[Opening Raw data section]

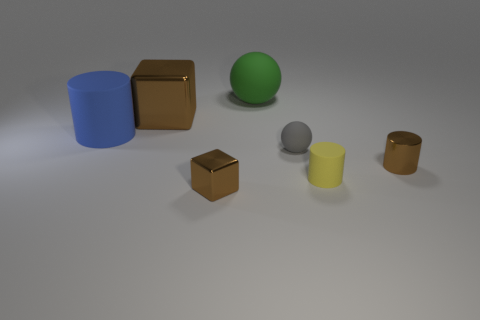Add 1 cylinders. How many objects exist? 8 Subtract all spheres. How many objects are left? 5 Subtract 0 purple cubes. How many objects are left? 7 Subtract all yellow rubber cylinders. Subtract all tiny brown metallic blocks. How many objects are left? 5 Add 1 small rubber cylinders. How many small rubber cylinders are left? 2 Add 4 large cyan shiny spheres. How many large cyan shiny spheres exist? 4 
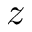<formula> <loc_0><loc_0><loc_500><loc_500>z</formula> 
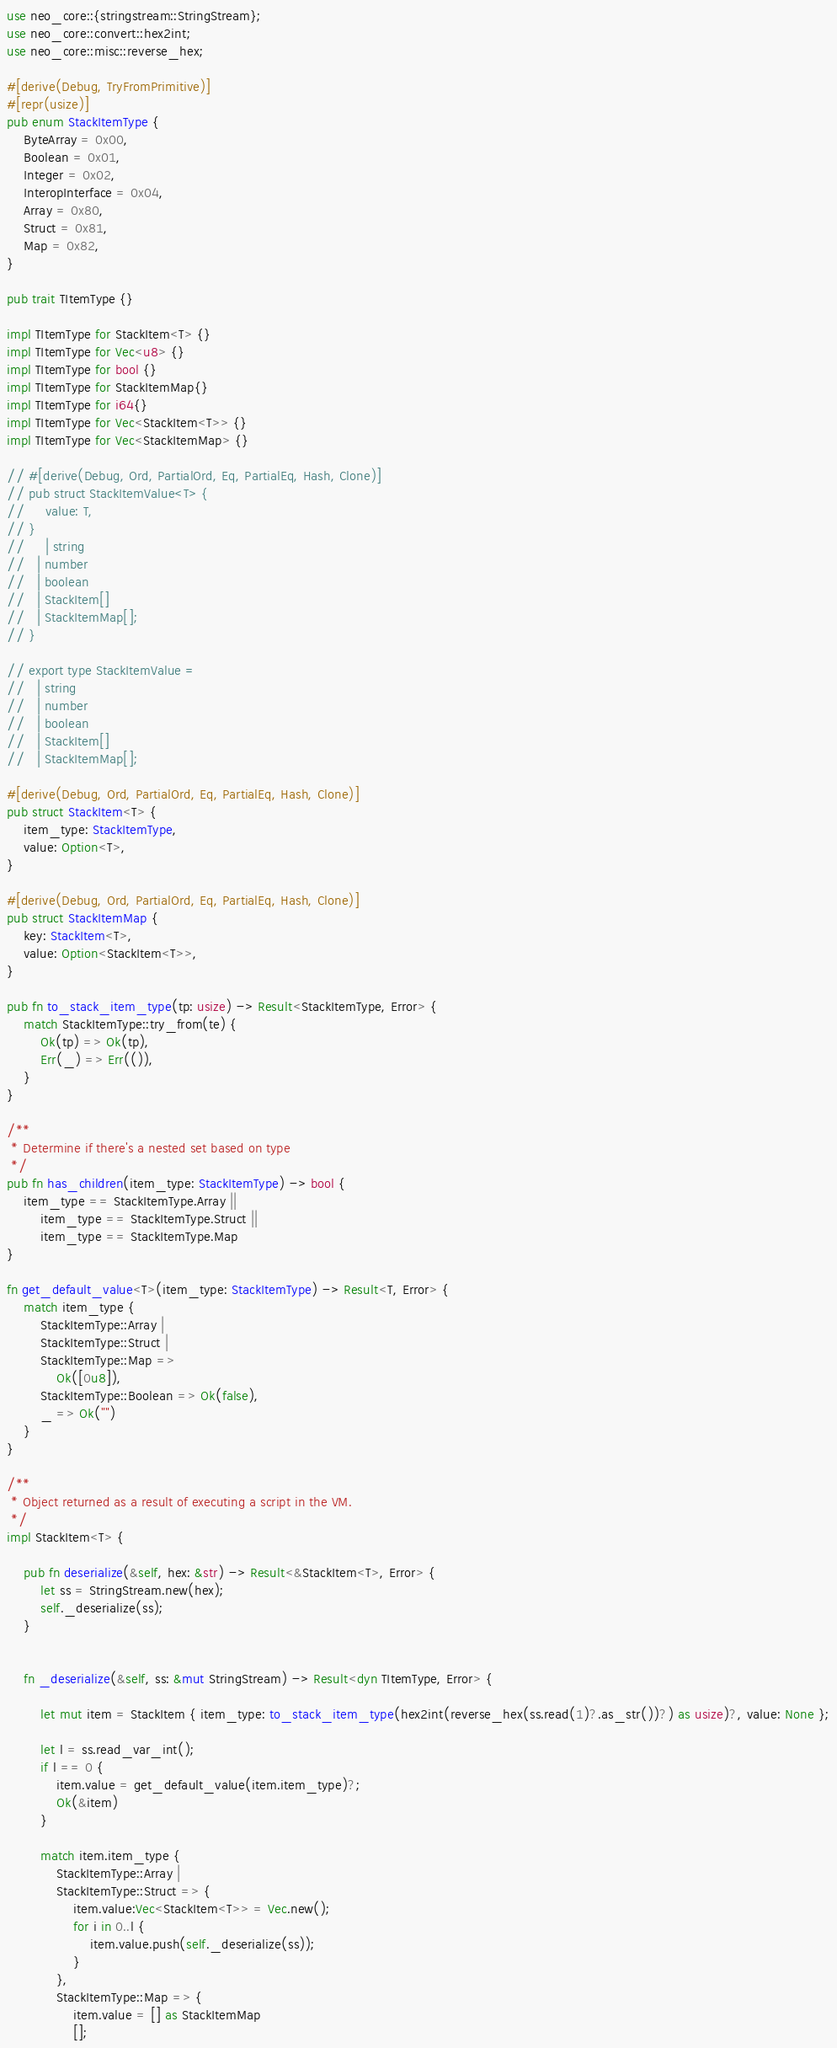<code> <loc_0><loc_0><loc_500><loc_500><_Rust_>use neo_core::{stringstream::StringStream};
use neo_core::convert::hex2int;
use neo_core::misc::reverse_hex;

#[derive(Debug, TryFromPrimitive)]
#[repr(usize)]
pub enum StackItemType {
    ByteArray = 0x00,
    Boolean = 0x01,
    Integer = 0x02,
    InteropInterface = 0x04,
    Array = 0x80,
    Struct = 0x81,
    Map = 0x82,
}

pub trait TItemType {}

impl TItemType for StackItem<T> {}
impl TItemType for Vec<u8> {}
impl TItemType for bool {}
impl TItemType for StackItemMap{}
impl TItemType for i64{}
impl TItemType for Vec<StackItem<T>> {}
impl TItemType for Vec<StackItemMap> {}

// #[derive(Debug, Ord, PartialOrd, Eq, PartialEq, Hash, Clone)]
// pub struct StackItemValue<T> {
//     value: T,
// }
//     | string
//   | number
//   | boolean
//   | StackItem[]
//   | StackItemMap[];
// }

// export type StackItemValue =
//   | string
//   | number
//   | boolean
//   | StackItem[]
//   | StackItemMap[];

#[derive(Debug, Ord, PartialOrd, Eq, PartialEq, Hash, Clone)]
pub struct StackItem<T> {
    item_type: StackItemType,
    value: Option<T>,
}

#[derive(Debug, Ord, PartialOrd, Eq, PartialEq, Hash, Clone)]
pub struct StackItemMap {
    key: StackItem<T>,
    value: Option<StackItem<T>>,
}

pub fn to_stack_item_type(tp: usize) -> Result<StackItemType, Error> {
    match StackItemType::try_from(te) {
        Ok(tp) => Ok(tp),
        Err(_) => Err(()),
    }
}

/**
 * Determine if there's a nested set based on type
 */
pub fn has_children(item_type: StackItemType) -> bool {
    item_type == StackItemType.Array ||
        item_type == StackItemType.Struct ||
        item_type == StackItemType.Map
}

fn get_default_value<T>(item_type: StackItemType) -> Result<T, Error> {
    match item_type {
        StackItemType::Array |
        StackItemType::Struct |
        StackItemType::Map =>
            Ok([0u8]),
        StackItemType::Boolean => Ok(false),
        _ => Ok("")
    }
}

/**
 * Object returned as a result of executing a script in the VM.
 */
impl StackItem<T> {

    pub fn deserialize(&self, hex: &str) -> Result<&StackItem<T>, Error> {
        let ss = StringStream.new(hex);
        self._deserialize(ss);
    }


    fn _deserialize(&self, ss: &mut StringStream) -> Result<dyn TItemType, Error> {

        let mut item = StackItem { item_type: to_stack_item_type(hex2int(reverse_hex(ss.read(1)?.as_str())?) as usize)?, value: None };

        let l = ss.read_var_int();
        if l == 0 {
            item.value = get_default_value(item.item_type)?;
            Ok(&item)
        }

        match item.item_type {
            StackItemType::Array |
            StackItemType::Struct => {
                item.value:Vec<StackItem<T>> = Vec.new();
                for i in 0..l {
                    item.value.push(self._deserialize(ss));
                }
            },
            StackItemType::Map => {
                item.value = [] as StackItemMap
                [];</code> 
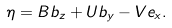Convert formula to latex. <formula><loc_0><loc_0><loc_500><loc_500>\eta = B b _ { z } + U b _ { y } - V e _ { x } .</formula> 
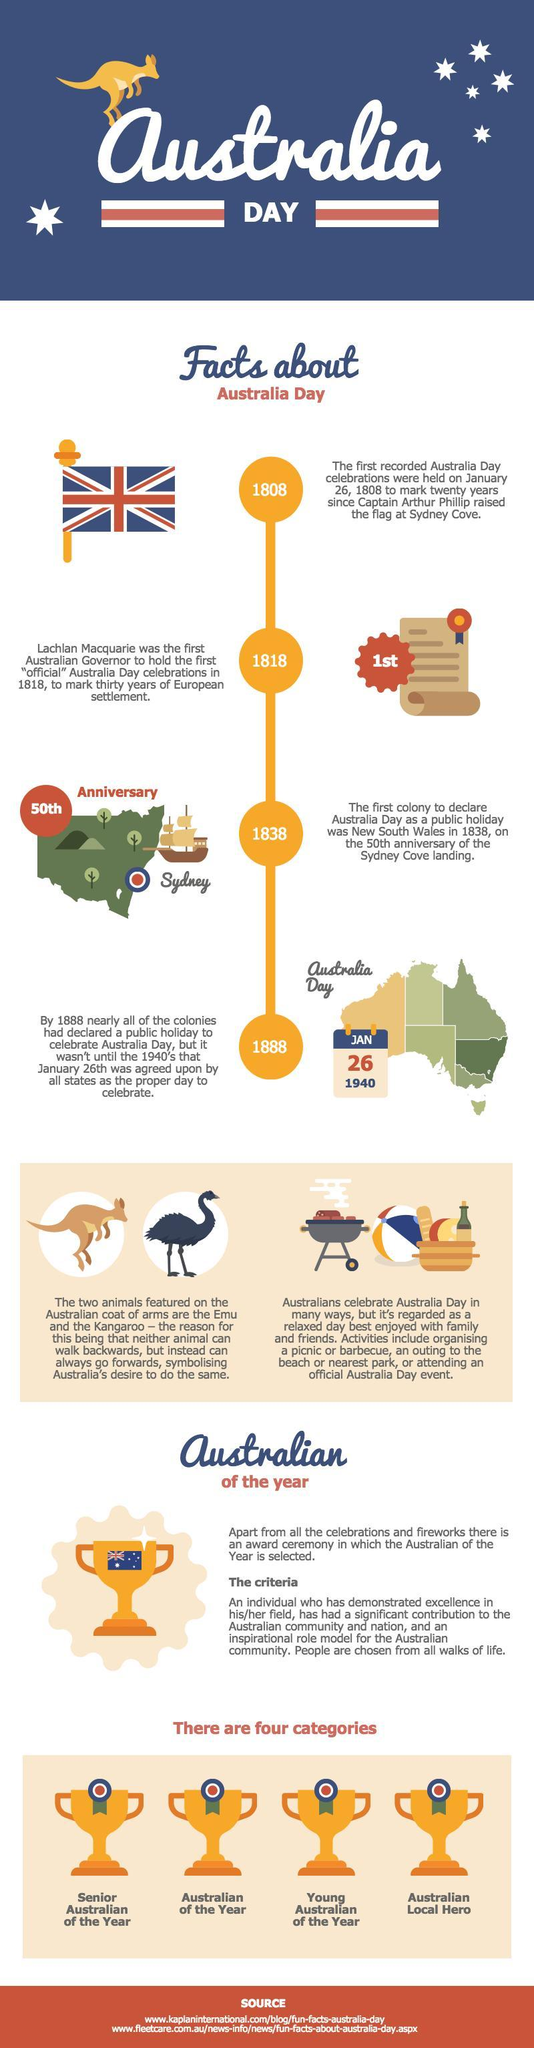When was the first recorded Australia Day celebrations held?
Answer the question with a short phrase. January 26, 1808 Which was the first colony to declare Australia Day as a public holiday? New South Wales 
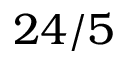Convert formula to latex. <formula><loc_0><loc_0><loc_500><loc_500>2 4 / 5</formula>

[Closing Raw data section]

Lines above that have "Error": copy each of them.

pub fn to_stack_item_type(tp: usize) -> Result<StackItemType, Error> {
fn get_default_value<T>(item_type: StackItemType) -> Result<T, Error> {
    pub fn deserialize(&self, hex: &str) -> Result<&StackItem<T>, Error> {
    fn _deserialize(&self, ss: &mut StringStream) -> Result<dyn TItemType, Error> {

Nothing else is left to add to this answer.